Atalaya

El vicio de demoler

Juan David Zuloaga D.
06 de octubre de 2022 - 05:00 a. m.

Destruir es muy fácil. Basta con descargar fuerza bruta, sin consideración y sin medida, para arruinar un bien o a una persona. Incluso basta con dejarlos a la incuria del tiempo, que con su correr lento e imperceptible va consumiendo el alma de todo.

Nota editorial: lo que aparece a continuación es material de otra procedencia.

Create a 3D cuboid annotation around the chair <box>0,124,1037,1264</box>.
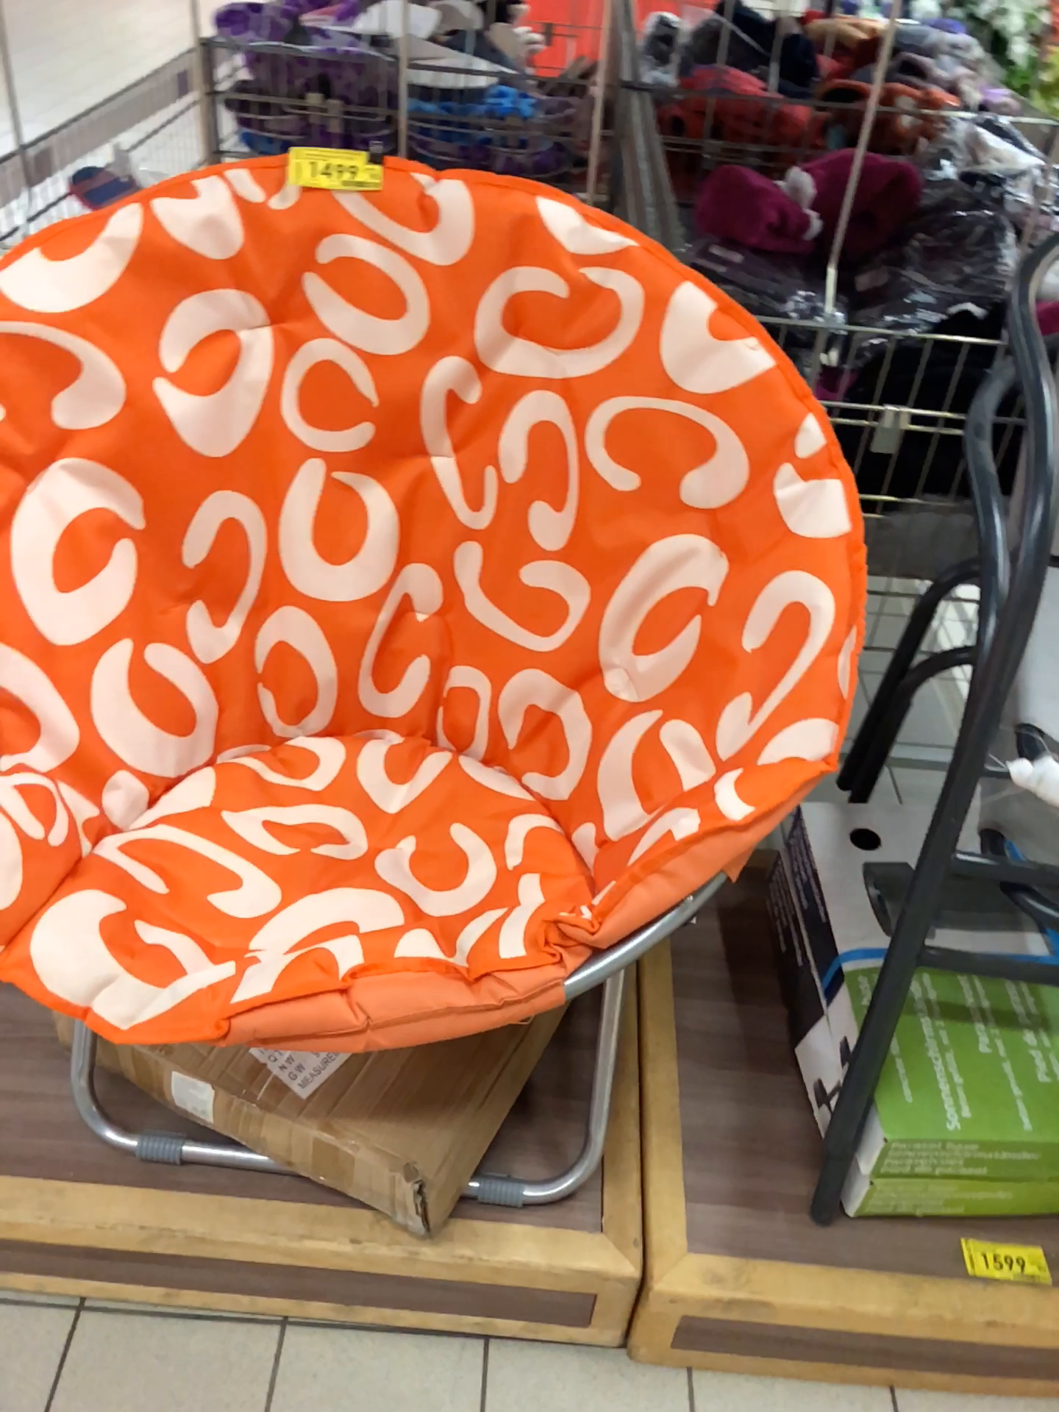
[{"bbox_3d":[-0.119,-0.067,1.010,0.733,0.605,0.716,7,37,2],"label":"chair"}]
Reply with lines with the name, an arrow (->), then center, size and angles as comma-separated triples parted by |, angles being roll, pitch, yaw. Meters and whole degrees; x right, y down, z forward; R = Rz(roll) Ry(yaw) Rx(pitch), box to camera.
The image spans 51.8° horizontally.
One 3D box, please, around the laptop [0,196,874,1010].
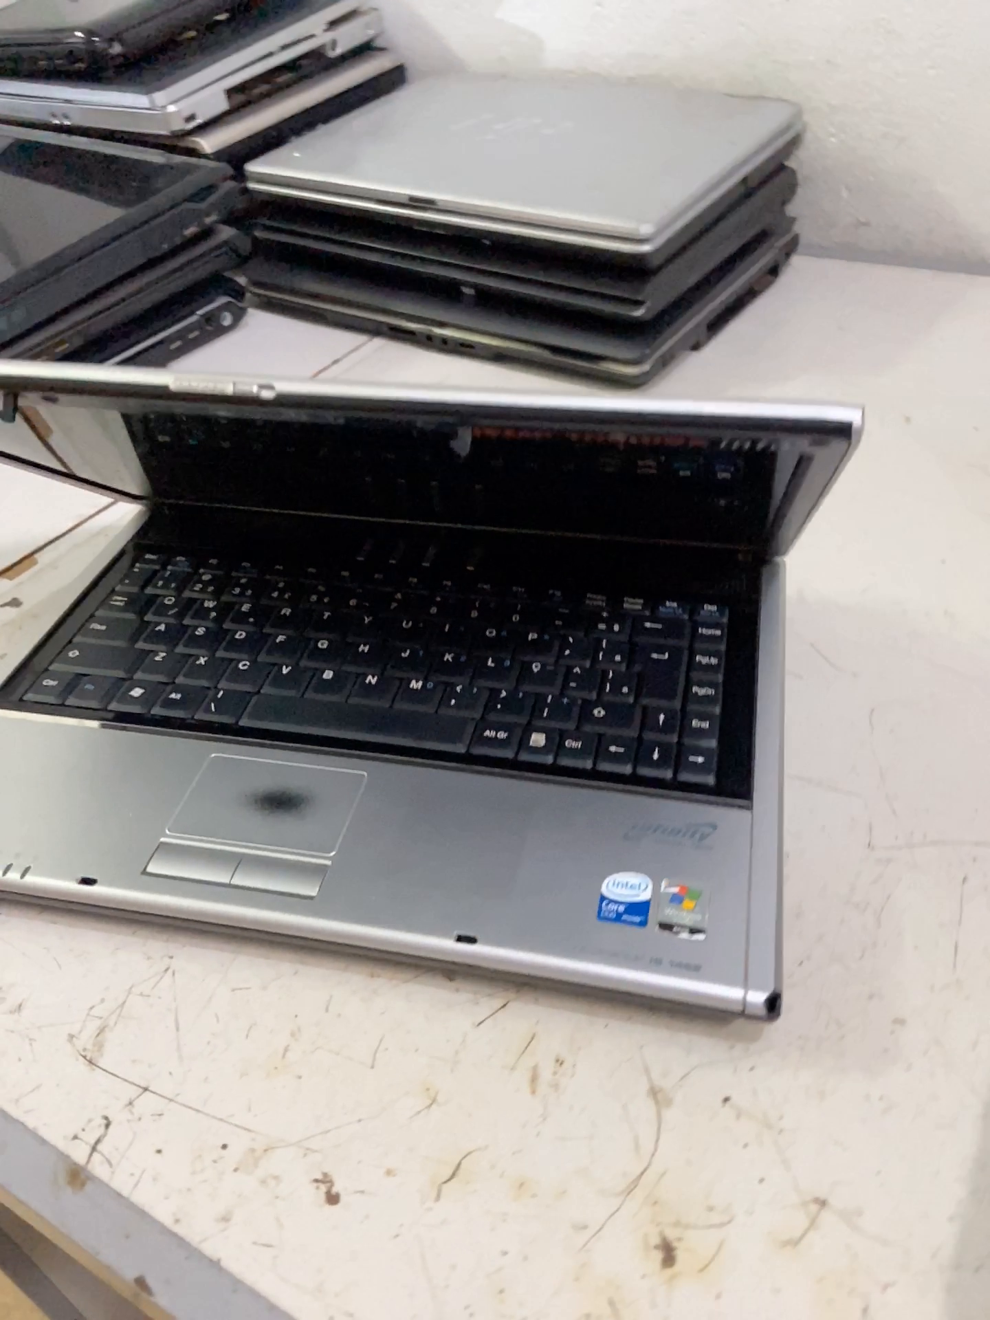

Construir y conservar, en cambio, es más difícil. Podría decirse que hay o que comienza a haber una civilización cuando un pueblo pretende guardar la memoria de sus antepasados. Eso se logra a través de la conmemoración de los sucesos y hazañas de quienes los precedieron y mediante la preservación de las edificaciones que ellos dejaron. Pero sobre todo con el acto de sepultar los muertos en un lugar que por ello mismo se sacraliza. En ese momento comienza a haber civilización: cuando unas personas deciden asentarse y erigir un cementerio para velar la memoria de sus ancestros. Antes de eso sólo hay hordas humanas que van y vienen, como un barco que viaja derrelicto.

Puede verse un índice de civilización –de su grado y de su profundidad– en el cuidado de la memoria. En Colombia sabemos que importa poco. Y no digamos que esa incuria es costumbre nacional, pero digamos que llega a vicio.

En 1939, durante el gobierno de Eduardo Santos, se demolió el bellísimo monasterio de Santo Domingo ubicado en el centro de Bogotá para emplazar allí el edificio Murillo Toro. Era un monasterio cuya construcción tomó más de cien años y que llevaba más de tres siglos en pie. Era una joya del centro histórico de la capital. A pocas cuadras, en el Parque Santander, se demolió en el año 1951 el emblemático Hotel Granada para construir el edificio del Banco de la República. Se impusieron entonces dos construcciones de arquitectura modernista y de una escala discordante con su entorno donde había dos monumentos que se hubiesen debido preservar.

No hace mucho, cuando la alcaldía de Enrique Peñalosa desalojó el sector del Cartucho, ubicado en las proximidades del palacio presidencial, se arrasó con todo, incluidas casas republicanas del antiguo barrio de Santa Inés. Alguna se hubiera podido preservar como centro cultural. Pero era más fácil destruirlas. Hace unos días anunció la Alcaldía de Claudia López que el edificio en el que delinquía y extorsionaba la banda Los Maracuchos, en la Avenida Caracas con calle 24, sería demolido. Uno de esos edificios de vieja data del centro de Bogotá que tenían encanto y que tenían también muchos valores arquitectónicos. Bien hubiera valido la pena restaurarlo y conservarlo. Hubiera podido salvarse, pero era más fácil destruirlo.

Inquieta esta incultura de la demolición sin medida, tan parecida en sus métodos y en sus fines a la lógica de los regímenes totalitarios que se valían de todas las técnicas de aniquilación cuando las estelas del pasado se interponían en la maqueta de sus ciudades sin alma.